CAGAR budaya dan teknologi digital nampak mutlak perbedaannya. Secara kasat mata memang berbeda, cagar budaya identik dengan masa lalu dan teknologi identik dengan kekinian serta kemajuan.
Kekinian, gelombang perkembangan teknologi digital tak bisa dibendung , arusnya membanjiri kehidupan era sekarang. Pada kehidupan milenial bahkan yang melahirkan generasi milenial turut akrab dengan banjir teknologi digital.
Ragam tindakan dan keputusan-keputusan keseharian lekat dengan pemanfaatan alat yang dihasilkan teknologi digital. Perkembangan jaman memang tak bisa dilawan, seperti banyak petuah bertebaran,
“Siapa yang tidak mengikuti jaman akan tertinggal.”
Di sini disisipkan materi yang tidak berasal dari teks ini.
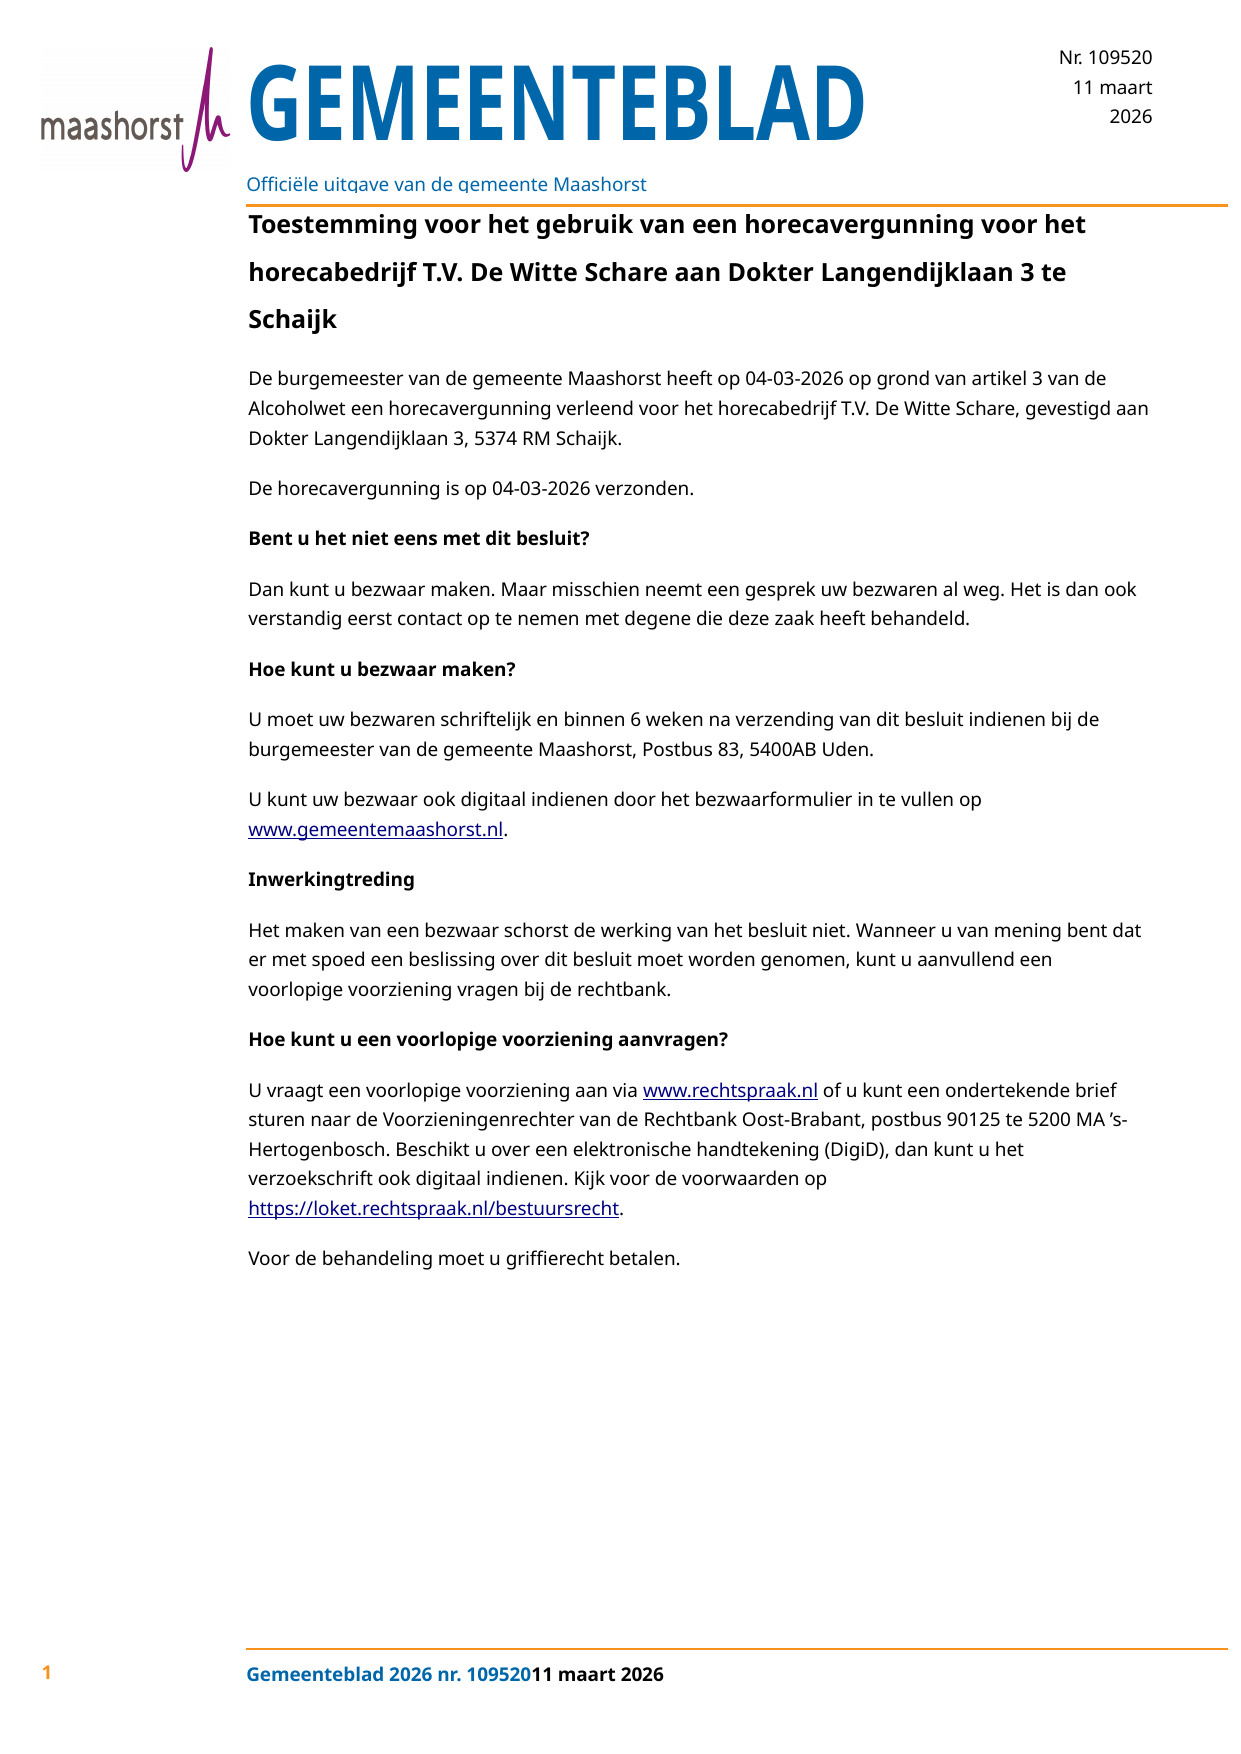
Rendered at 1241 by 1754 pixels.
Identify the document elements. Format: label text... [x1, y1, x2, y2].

text U kunt uw bezwaar ook digitaal indienen door het bezwaarformulier in te vullen op www.gemeentemaashorst.nl. [248, 786, 1152, 842]
text Hoe kunt u een voorlopige voorziening aanvragen? [248, 1026, 1152, 1052]
text Toestemming voor het gebruik van een horecavergunning voor het horecabedrijf T.V. De Witte Schare aan Dokter Langendijklaan 3 te Schaijk [248, 207, 1152, 336]
text De horecavergunning is op 04-03-2026 verzonden. [248, 475, 1152, 501]
text Het maken van een bezwaar schorst de werking van het besluit niet. Wanneer u van mening bent dat er met spoed een beslissing over dit besluit moet worden genomen, kunt u aanvullend een voorlopige voorziening vragen bij de rechtbank. [248, 917, 1152, 1002]
text Inwerkingtreding [248, 866, 1152, 892]
text Hoe kunt u bezwaar maken? [248, 656, 1152, 682]
text Bent u het niet eens met dit besluit? [248, 526, 1152, 551]
text Voor de behandeling moet u griffierecht betalen. [248, 1246, 1152, 1271]
text Dan kunt u bezwaar maken. Maar misschien neemt een gesprek uw bezwaren al weg. Het is dan ook verstandig eerst contact op te nemen met degene die deze zaak heeft behandeld. [248, 576, 1152, 631]
text U vraagt een voorlopige voorziening aan via www.rechtspraak.nl of u kunt een ondertekende brief sturen naar de Voorzieningenrechter van de Rechtbank Oost-Brabant, postbus 90125 te 5200 MA ’s-Hertogenbosch. Beschikt u over een elektronische handtekening (DigiD), dan kunt u het verzoekschrift ook digitaal indienen. Kijk voor de voorwaarden op https://loket.rechtspraak.nl/bestuursrecht. [248, 1077, 1152, 1221]
text De burgemeester van de gemeente Maashorst heeft op 04-03-2026 op grond van artikel 3 van de Alcoholwet een horecavergunning verleend voor het horecabedrijf T.V. De Witte Schare, gevestigd aan Dokter Langendijklaan 3, 5374 RM Schaijk. [248, 366, 1152, 450]
picture [41, 47, 231, 172]
text U moet uw bezwaren schriftelijk en binnen 6 weken na verzending van dit besluit indienen bij de burgemeester van de gemeente Maashorst, Postbus 83, 5400AB Uden. [248, 706, 1152, 762]
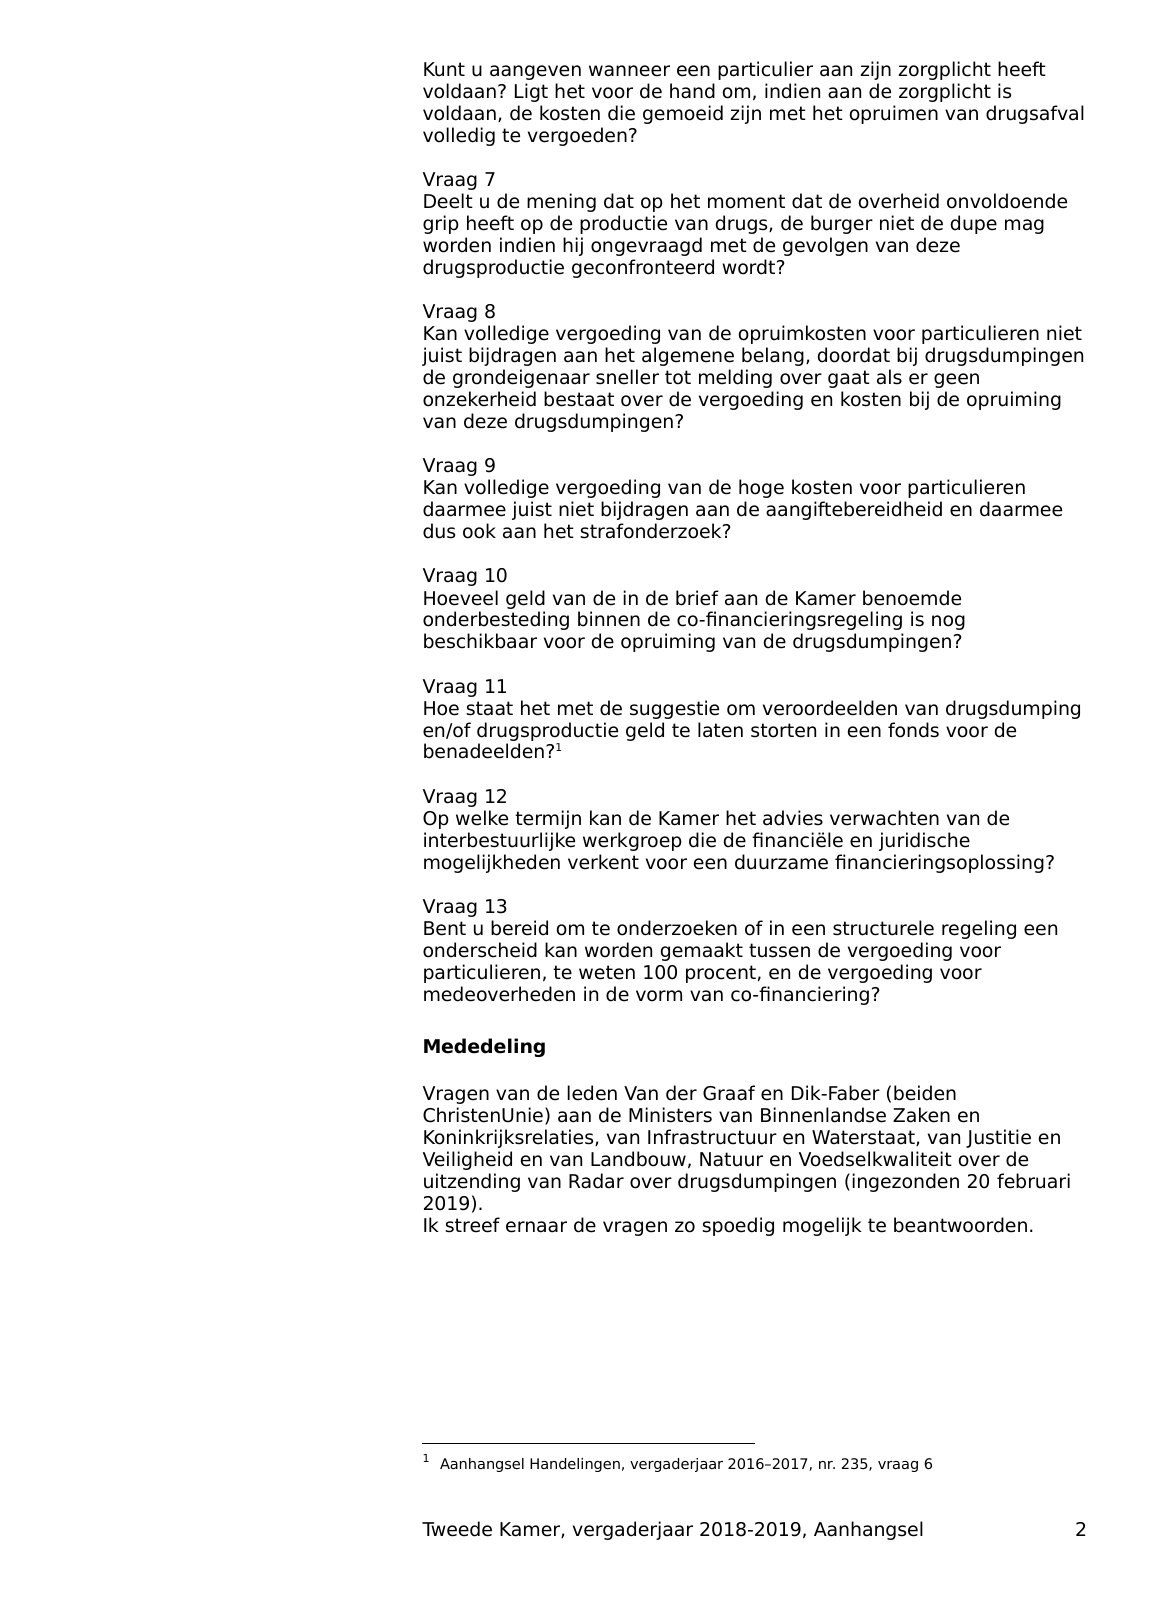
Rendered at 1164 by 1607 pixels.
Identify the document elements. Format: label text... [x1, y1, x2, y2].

text Vraag 11 [422, 676, 1087, 697]
text Vraag 10 [422, 565, 1087, 587]
text Hoe staat het met de suggestie om veroordeelden van drugsdumping en/of drugsproductie geld te laten storten in een fonds voor de benadeelden? [422, 697, 1087, 763]
text Vraag 7 [422, 169, 1087, 191]
text Kunt u aangeven wanneer een particulier aan zijn zorgplicht heeft voldaan? Ligt het voor de hand om, indien aan de zorgplicht is voldaan, de kosten die gemoeid zijn met het opruimen van drugsafval volledig te vergoeden? [422, 59, 1087, 147]
text Vragen van de leden Van der Graaf en Dik-Faber (beiden ChristenUnie) aan de Ministers van Binnenlandse Zaken en Koninkrijksrelaties, van Infrastructuur en Waterstaat, van Justitie en Veiligheid en van Landbouw, Natuur en Voedselkwaliteit over de uitzending van Radar over drugsdumpingen (ingezonden 20 februari 2019). [422, 1083, 1087, 1214]
text Bent u bereid om te onderzoeken of in een structurele regeling een onderscheid kan worden gemaakt tussen de vergoeding voor particulieren, te weten 100 procent, en de vergoeding voor medeoverheden in de vorm van co-financiering? [422, 918, 1087, 1006]
text Ik streef ernaar de vragen zo spoedig mogelijk te beantwoorden. [422, 1214, 1087, 1236]
text Hoeveel geld van de in de brief aan de Kamer benoemde onderbesteding binnen de co-financieringsregeling is nog beschikbaar voor de opruiming van de drugsdumpingen? [422, 587, 1087, 653]
text Vraag 9 [422, 455, 1087, 477]
text Kan volledige vergoeding van de hoge kosten voor particulieren daarmee juist niet bijdragen aan de aangiftebereidheid en daarmee dus ook aan het strafonderzoek? [422, 477, 1087, 543]
text Vraag 8 [422, 301, 1087, 323]
text Op welke termijn kan de Kamer het advies verwachten van de interbestuurlijke werkgroep die de financiële en juridische mogelijkheden verkent voor een duurzame financieringsoplossing? [422, 808, 1087, 873]
text Deelt u de mening dat op het moment dat de overheid onvoldoende grip heeft op de productie van drugs, de burger niet de dupe mag worden indien hij ongevraagd met de gevolgen van deze drugsproductie geconfronteerd wordt? [422, 191, 1087, 279]
text Vraag 12 [422, 786, 1087, 808]
text Kan volledige vergoeding van de opruimkosten voor particulieren niet juist bijdragen aan het algemene belang, doordat bij drugsdumpingen de grondeigenaar sneller tot melding over gaat als er geen onzekerheid bestaat over de vergoeding en kosten bij de opruiming van deze drugsdumpingen? [422, 323, 1087, 433]
subtitle Mededeling [422, 1036, 1087, 1058]
text Vraag 13 [422, 896, 1087, 918]
text Aanhangsel Handelingen, vergaderjaar 2016–2017, nr. 235, vraag 6 [422, 1452, 1087, 1474]

Di sisi lain, cagar budaya yang identik dengan masa lampau bergeliat. Pegiat bahkan pemerintah sedang asyik mengerek tinggi keberadaannya. Cagar budaya menjadi eksotika baru di era gelombang teknologi kekinian. Semacam ada pengupayaan mendekatkan 2 kutub yang berjauhan.
Bagi milenial, cagar budaya adalah masa lampau. Hidup membersamai teknologi digital dengan ragam alat yang tersedia adalah lifestyle milenial.
Suatu hari, seloroh bocah milenial, “Meja café tidak relevan lagi untuk pertunjukan pembacaan puisi melainkan ruang ngobrol konten.”
Lebih dari itu, “Berbicara (saya menyebutnya pitutur solah bowo) adalah jokes bapak-bapak kelahiran tahun 60-an, ndak masuk sama sekali untuk era sekarang” tambahnya.
Bisa jadi yang disampaikan bocah milenial tersebut benar. Dan juga bisa jadi kurang tepat. Tinggal sudut pembacaannya dari mana. Kendati ada probality tepat atau tidak , setidaknya memberi gambaran nyata dan tegas bahwa milenial adalah teknologi digital.
Konteks bocah milenial berargumen demikan terjadi saat ada obrolan tentang, wacana mengangkat pitutur solah bowo sebagai narasi kegiatan. Riilnya, mengambil diksi lama “tunggak semi” sebagai platform gotong royong.
”Tunggak semi” yang merupakan gambaran dari seseorang yang tidak pernah habis rejekinya (menurut kaidah jawa) dibawa atau dipakai sebagai semangat metodologi penyelesaian permasalahan. Contoh semacam ini, ada milenial yang baginya tak relevan.
Bagi milenial, konten adalah kunci. Tepatnya, viral adalah solusi atas permasalahan apapun.
“Tunggak semi” merupakan diksi lama, dalam primbon jawa digambarkan siapa yang memiliki kelahiran sesuai indikatornya tidak akan habis rezekinya. Kontek pemajuan kebudayaan, diksi itu termasuk 10 objek pemajuan, yaitu pitutur.